Sul Festival l’Aiart ,e non solo l’Aiart, ha espresso giudizi negativi e preoccupati per tanti aspetti contrastanti con il comune sentire delle famiglie italiane e, a volte, con le basilari regole  di rispetto della dignità dei telespettatori. Certo, in quel gran contenitore, infarcito fino alla noia di spot pubblicitari, in oltre 20 ore di trasmissioni, non sono mancati momenti significativi, interessanti, di buona tv. Basta citare lo straordinario monologo di Benigni sull’art.21 della Costituzione, reso ancor più rilevante dalla presenza del Presidente della Repubblica.            

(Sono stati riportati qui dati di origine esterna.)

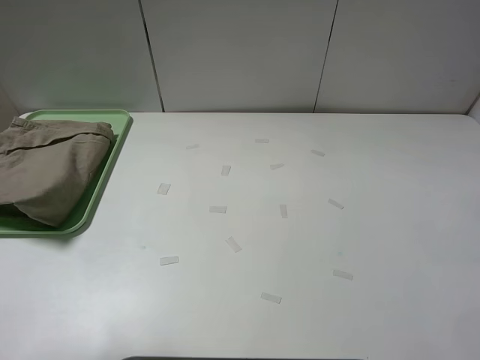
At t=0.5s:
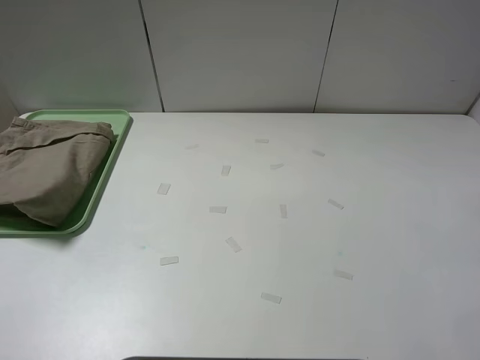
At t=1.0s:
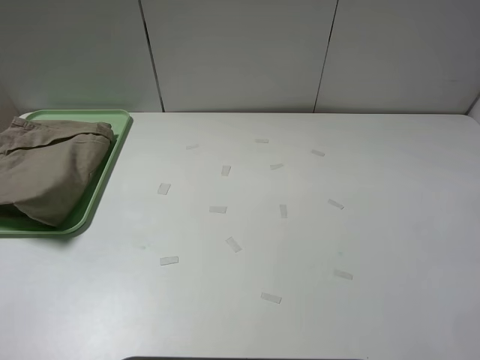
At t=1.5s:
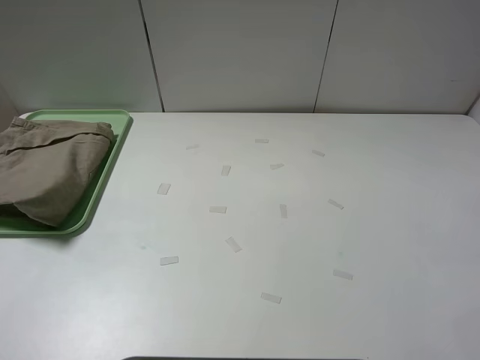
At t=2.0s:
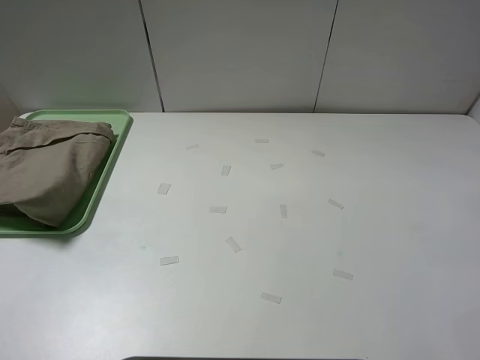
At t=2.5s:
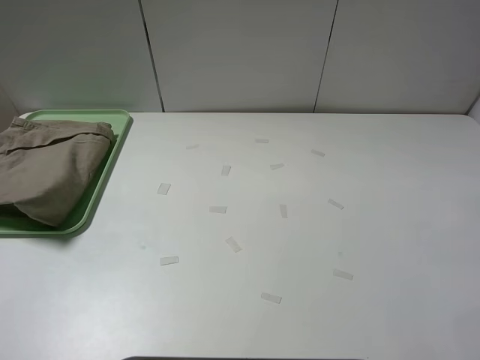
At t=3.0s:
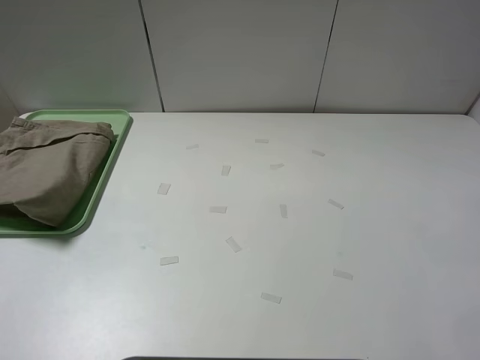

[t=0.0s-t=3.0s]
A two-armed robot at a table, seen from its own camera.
Task of the whole recording: fold the khaki jeans in half with two grippers, then fold them in half again, and use the left claw to place the folded fold khaki jeans on the tray.
t=0.0s to t=1.5s: The left gripper travels downward and backward by about 10 cm.

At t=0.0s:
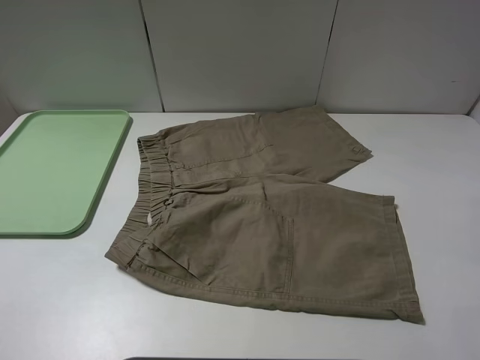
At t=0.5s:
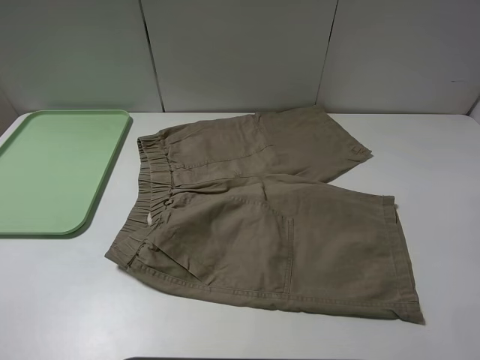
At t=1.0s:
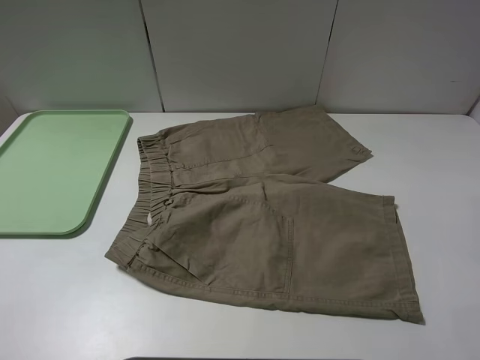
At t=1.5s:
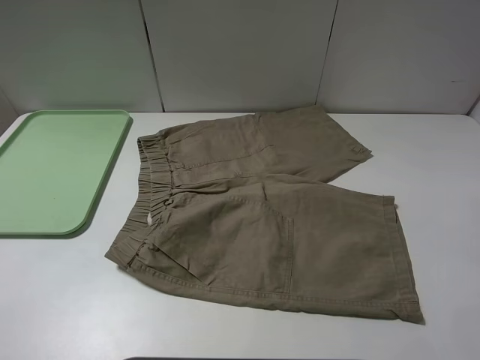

Con questo breve articolo intendo soffermarmi su un aspetto molto importante di questo Sanremo 2023: gli ascolti. L’Auditel ha comunicato che gli ascolti hanno raggiunto il tetto di 14.213.000 (media ponderale delle 5 serate 10.784.000). Lo  share  (cosiddetto gradimento) 61,56% (media ponderale 62,96%). Numeri rilevanti, molto rilevanti.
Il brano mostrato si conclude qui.